A prospective phase II study of pre-operative chemotherapy then short-course radiotherapy for high risk rectal cancer: COPERNICUS.

Br J Cancer 2018 09 17;119(6):697-706. Epub 2018 Aug 17.

Centre for Trials Research, Cardiff University, Room 409, Neuadd Meirionnydd, Heath Park, Cardiff, CF14 4YS, UK.

Background: Neoadjuvant chemotherapy (NAC) allows earlier treatment of rectal cancer micro-metastases but is not standard of care. There are currently no biomarkers predicting long-term progression-free survival (PFS) benefit from NAC.

Patients And Methods: In this single arm phase II trial, patients with non-metastatic magnetic resonance imaging (MRI)-defined operable rectal adenocarcinoma at high risk of post-operative metastatic recurrence, received 8 weeks of oxaliplatin/fluorouracil NAC then short-course preoperative radiotherapy (SCPRT) before immediate surgery. Sixteen weeks of post-operative adjuvant chemotherapy (AC) was planned. A pelvic MRI was performed at week 9 immediately post-NAC, before SCPRT. The primary end point was feasibility assessed by completion of protocol treatment up to and including surgery. Secondary endpoints included compliance, toxicity, downstaging efficacy, and PFS.

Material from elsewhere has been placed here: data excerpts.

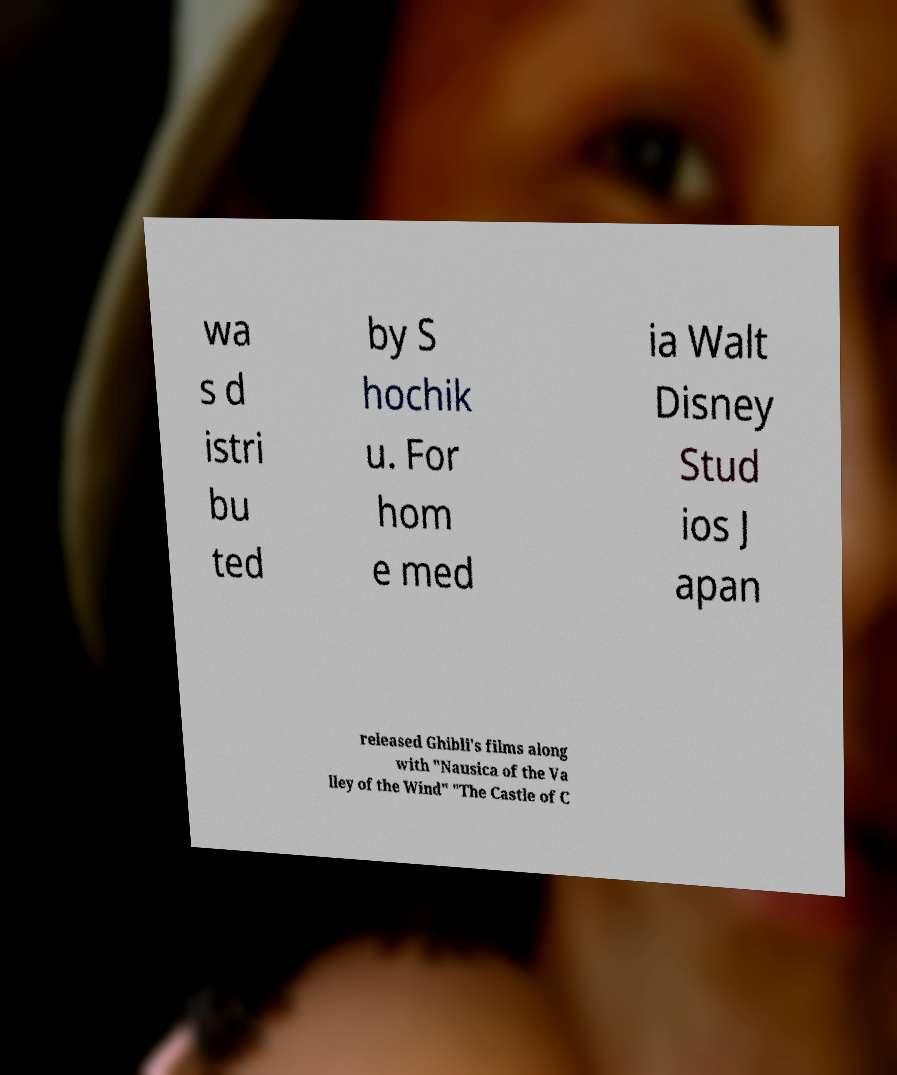What messages or text are displayed in this image? I need them in a readable, typed format. wa s d istri bu ted by S hochik u. For hom e med ia Walt Disney Stud ios J apan released Ghibli's films along with "Nausica of the Va lley of the Wind" "The Castle of C 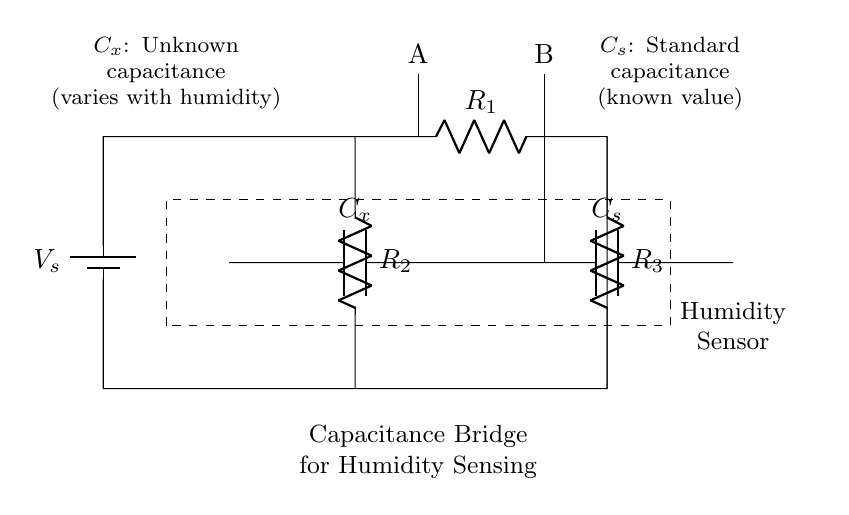What is the standard capacitance value in the circuit? The circuit includes a known capacitance labeled as C_s, but the specific value of C_s is not provided in the diagram. Since C_s is a standard capacitance, it indicates a reference point for measuring C_x. Therefore, without additional information, we cannot specify its numerical value.
Answer: Not specified What component varies with humidity? C_x represents the unknown capacitance that varies with humidity. In a capacitance bridge, C_x is the key element that changes in response to different humidity levels, affecting the overall balance of the circuit.
Answer: C_x Which two points are labeled A and B? Points A and B are labeled at the top of the circuit and indicate the connection points for monitoring voltage across the bridge. The measurements taken at these points help determine whether the bridge is balanced, which indirectly relates to humidity levels.
Answer: A and B How many resistors are present in the circuit? There are three resistors in the circuit: R_1, R_2, and R_3. Counting these components involves identifying each resistor's label in the circuit diagram.
Answer: Three What is the purpose of the dashed rectangle in the circuit? The dashed rectangle encompasses the components associated with the humidity sensing function of the circuit, denoting the area where the measuring process occurs. This highlights that the components within are focused on monitoring humidity through capacitance changes.
Answer: Humidity Sensor What happens when humidity increases? When humidity increases, the capacitance C_x will also increase, which will affect the balance of the bridge circuit. Specifically, an increase in C_x results in a change in the voltage readings at points A and B, indicating higher humidity levels.
Answer: C_x increases What is the function of the battery in this circuit? The battery, labeled as V_s, provides the necessary voltage to the circuit elements, allowing them to function properly. It supplies energy, enabling the capacitors and resistors to operate, which is essential for the measurements taken in the capacitance bridge setup.
Answer: Provides voltage 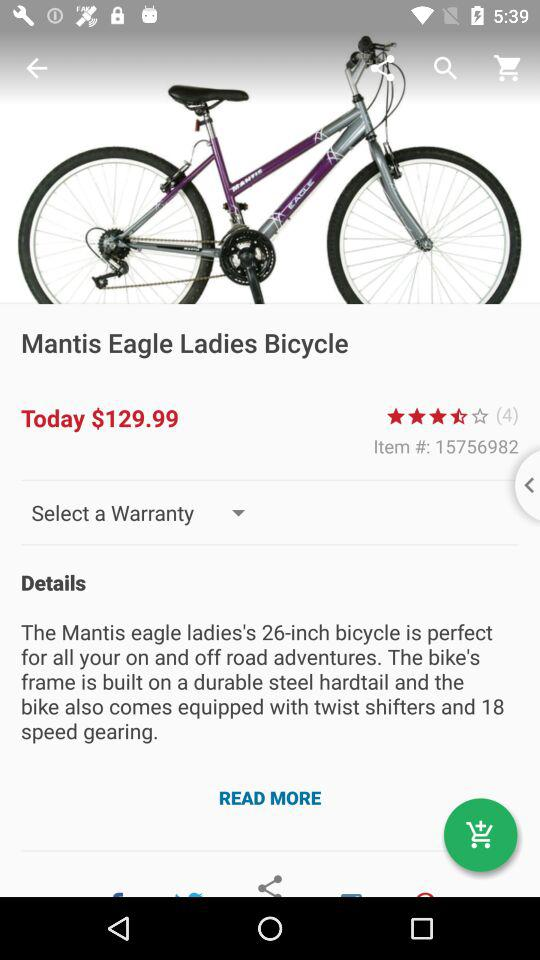What is the name of the bicycle? The name of the bicycle is "Mantis eagle ladies bicycle". 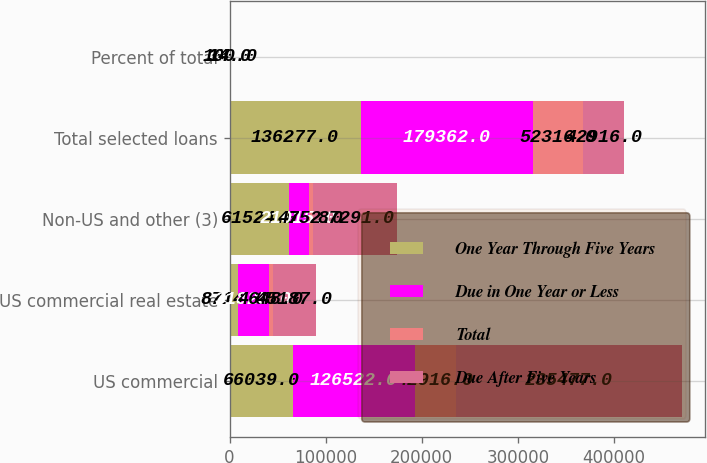<chart> <loc_0><loc_0><loc_500><loc_500><stacked_bar_chart><ecel><fcel>US commercial<fcel>US commercial real estate<fcel>Non-US and other (3)<fcel>Total selected loans<fcel>Percent of total<nl><fcel>One Year Through Five Years<fcel>66039<fcel>8714<fcel>61524<fcel>136277<fcel>37<nl><fcel>Due in One Year or Less<fcel>126522<fcel>31825<fcel>21015<fcel>179362<fcel>49<nl><fcel>Total<fcel>42916<fcel>4648<fcel>4752<fcel>52316<fcel>14<nl><fcel>Due After Five Years<fcel>235477<fcel>45187<fcel>87291<fcel>42916<fcel>100<nl></chart> 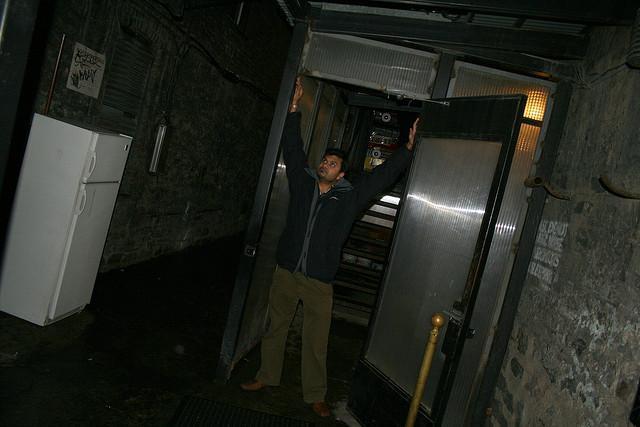How many arrows are in this picture?
Give a very brief answer. 0. How many yellow taxi cars are in this image?
Give a very brief answer. 0. 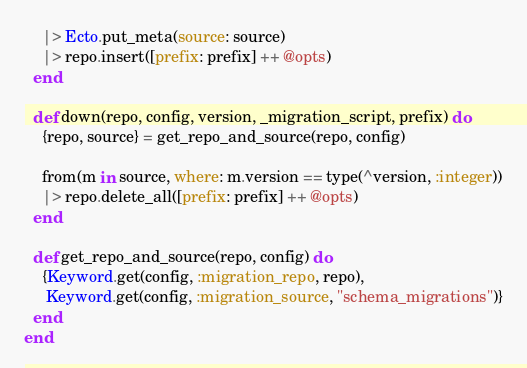Convert code to text. <code><loc_0><loc_0><loc_500><loc_500><_Elixir_>    |> Ecto.put_meta(source: source)
    |> repo.insert([prefix: prefix] ++ @opts)
  end

  def down(repo, config, version, _migration_script, prefix) do
    {repo, source} = get_repo_and_source(repo, config)

    from(m in source, where: m.version == type(^version, :integer))
    |> repo.delete_all([prefix: prefix] ++ @opts)
  end

  def get_repo_and_source(repo, config) do
    {Keyword.get(config, :migration_repo, repo),
     Keyword.get(config, :migration_source, "schema_migrations")}
  end
end
</code> 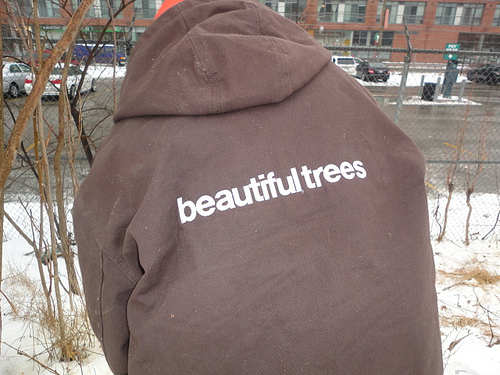<image>
Is the person on the snow? Yes. Looking at the image, I can see the person is positioned on top of the snow, with the snow providing support. 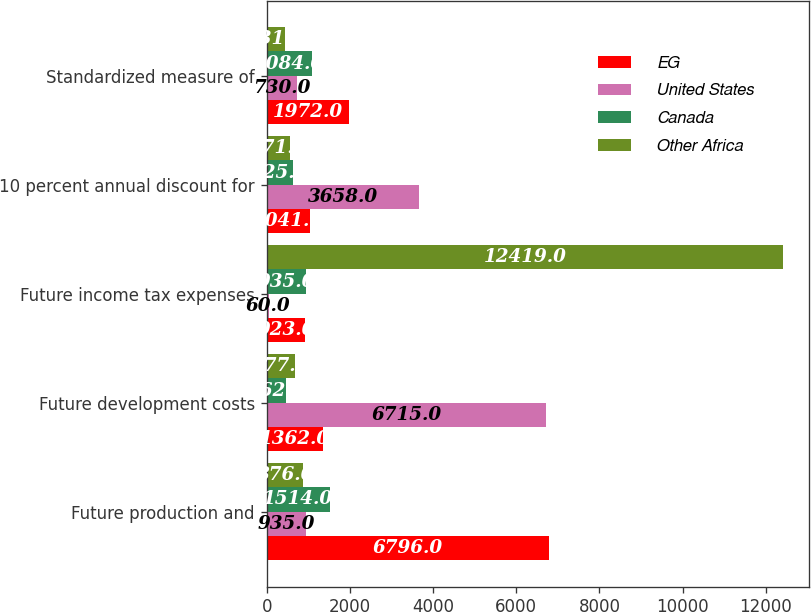<chart> <loc_0><loc_0><loc_500><loc_500><stacked_bar_chart><ecel><fcel>Future production and<fcel>Future development costs<fcel>Future income tax expenses<fcel>10 percent annual discount for<fcel>Standardized measure of<nl><fcel>EG<fcel>6796<fcel>1362<fcel>923<fcel>1041<fcel>1972<nl><fcel>United States<fcel>935<fcel>6715<fcel>60<fcel>3658<fcel>730<nl><fcel>Canada<fcel>1514<fcel>462<fcel>935<fcel>625<fcel>1084<nl><fcel>Other Africa<fcel>876<fcel>677<fcel>12419<fcel>571<fcel>431<nl></chart>

Results: In total 60 patients were recruited May 2012-June 2014. In total 57 patients completed protocol treatment, meeting the primary endpoint. Compliance with NAC was much better than AC: Comparing NAC vs. AC, the median percentage dose intensity for fluoropyrimidine was 100% vs. 63% and for oxaliplatin 100% vs. 45%. Treatment-related toxicity was acceptable with no treatment-related deaths. Post-NAC MRI showed 44 tumours (73%) were T-downstaged and 22 (37%) had excellent MRI tumour regression grade (mrTRG 1-2). Median follow-up was 27 months with 2-year PFS of 86.2% (10 events). On exploratory analysis, post-NAC mrTRG predicted PFS with no event among those with excellent regression.

Conclusion: The regimen was well tolerated with effective downstaging and encouraging PFS. mrTRG response to NAC may be a new prognostic factor for long-term PFS, but needs validation in larger studies.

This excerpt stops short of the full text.